▶ [TASK GOAL]
The answer must be an exact copy of the records, with no pictures in it.

▶ [PROVIDED DATA]
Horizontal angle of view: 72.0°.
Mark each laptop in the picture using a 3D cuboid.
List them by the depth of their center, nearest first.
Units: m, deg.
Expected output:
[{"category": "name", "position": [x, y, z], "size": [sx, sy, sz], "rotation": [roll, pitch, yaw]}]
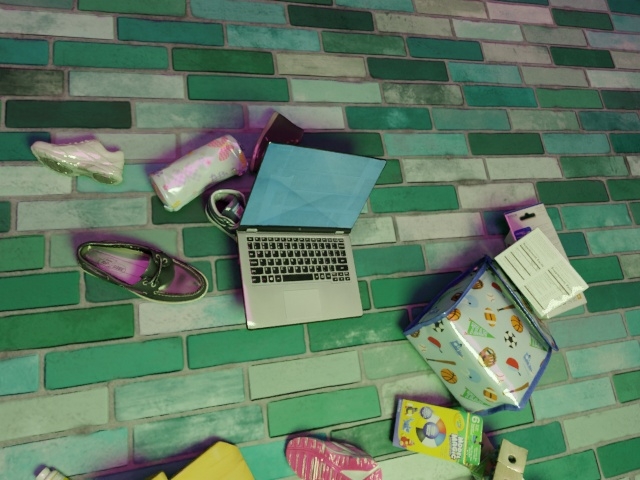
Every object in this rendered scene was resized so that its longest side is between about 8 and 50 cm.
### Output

▶ [FINISHED TASK]
Horizontal angle of view: 72.0°.
Mark each laptop in the picture using a 3D cuboid.
List them by the depth of their center, nearest first.
Units: m, deg.
Expected output:
[{"category": "name", "position": [x, y, z], "size": [sx, sy, sz], "rotation": [roll, pitch, yaw]}]
Every object in this rendered scene was resized so that its longest side is between about 8 and 50 cm.
### Output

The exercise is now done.